Pretargeted Imaging and Therapy

Abstract

In vivo pretargeting stands as a promising approach to harnessing the exquisite tumor-targeting properties of antibodies for nuclear imaging and therapy while simultaneously skirting their pharmacokinetic limitations. The core premise of pretargeting lies in administering the targeting vector and radioisotope separately and having the 2 components combine within the body. In this manner, pretargeting strategies decrease the circulation time of the radioactivity, reduce the uptake of the radionuclide in healthy nontarget tissues, and facilitate the use of short-lived radionuclides that would otherwise be incompatible with antibody-based vectors. In this short review, we seek to provide a brief yet informative survey of the 4 preeminent mechanistic approaches to pretargeting, strategies predicated on streptavidin and biotin, bispecific antibodies, complementary oligonucleotides, and bioorthogonal click chemistry.

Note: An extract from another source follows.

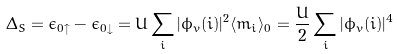Convert formula to latex. <formula><loc_0><loc_0><loc_500><loc_500>\Delta _ { S } = \epsilon _ { 0 \uparrow } - \epsilon _ { 0 \downarrow } = U \sum _ { i } | \phi _ { v } ( i ) | ^ { 2 } \langle m _ { i } \rangle _ { 0 } = \frac { U } { 2 } \sum _ { i } | \phi _ { v } ( i ) | ^ { 4 }</formula> 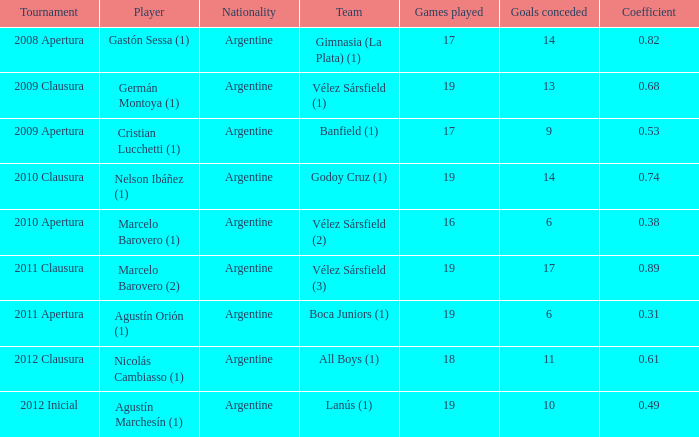How many nationalities are there for the 2011 apertura? 1.0.

Keywords: biotin; bispecific antibody; click chemistry; multistep targeting; pretargeting; streptavidin.

FIGURE 1.

Schematic for in vivo pretargeting (A) and the 4 principal mechanisms of in vivo pretargeting (B).

FIGURE 2.

Structure of biotin (A); ribbon structure of the streptavidin tetramer (B); 3 different types of streptavidin-biotin pretargeting strategies (C–E); and γ-camera image of a patient with B-cell Hodgkin lymphoma injected with an anti-CD20-SA fusion protein and, 24 h later, ¹¹¹In-DOTA-biotin (F). Sites of active tumor involvement are indicated by arrows. (Reprinted with permission of (10).)

FIGURE 3.

Schematics of in vivo pretargeting strategies based on chemically linked Fab′ fragments (A), a divalent radiometal chelate hapten (B), an IgG–single-chain variable fragment (ScFv) construct (C), and an HSG-binding Tri-Fab (D); structure of the divalent IMP288 HSG hapten (E); pretargeted immuno-PET image of a patient with metastatic breast cancer recorded after the administration of 120 nmol of TF2 and, 30 h later, 3 nmol of ⁶⁸Ga-IMP288 (F). (Adapted and reprinted with permission of (22).)

FIGURE 4.

Structure of DNA, RNA, MORF, and PNA oligonucleotides (A); a pretargeted SPECT image of subcutaneous transplanted human islet cells (white arrow) in a mouse administered a MORF-modified variant of the islet-cell–specific HPi1 antibody followed by a ^99mTc-labeled complementary MORF radioligand (adapted and reprinted with permission from (26)) (B); and pretargeted SPECT images of mice bearing subcutaneous SKOV3 xenografts administered a directly radiolabeled ¹¹¹In-Z_HER2:K58 Affibody molecule (left), a PNA-modified Z_HER2-HP1 Affibody molecule followed by complementary ¹¹¹In-HP2 radioligand (center), and a ¹¹¹In-HP2 radioligand alone (right) (C). K = kidney; T = tumor (adapted and reprinted with permission from (30)).

FIGURE 5.

The IEDDA ligation (A); the 2 components of IEDDA-based pretargeting system: a TCO-bearing immunoconjugate and a tetrazine-modified radioligand (B); SPECT/CT image of an LS174T tumor-bearing mouse pretargeted with CC49-TCO and ¹¹¹In-DOTA-tetrazine (reprinted with permission of reference (34)) (C); and a longitudinal study of normalized tumor volume in mice bearing BxPC3 pancreatic ductal adenocarcinoma xenografts treated with a PRIT regimen composed of 5B1-TCO and ¹⁷⁷Lu-DOTA-PEG₇-tetrazine (reprinted with permission of (41)) (D).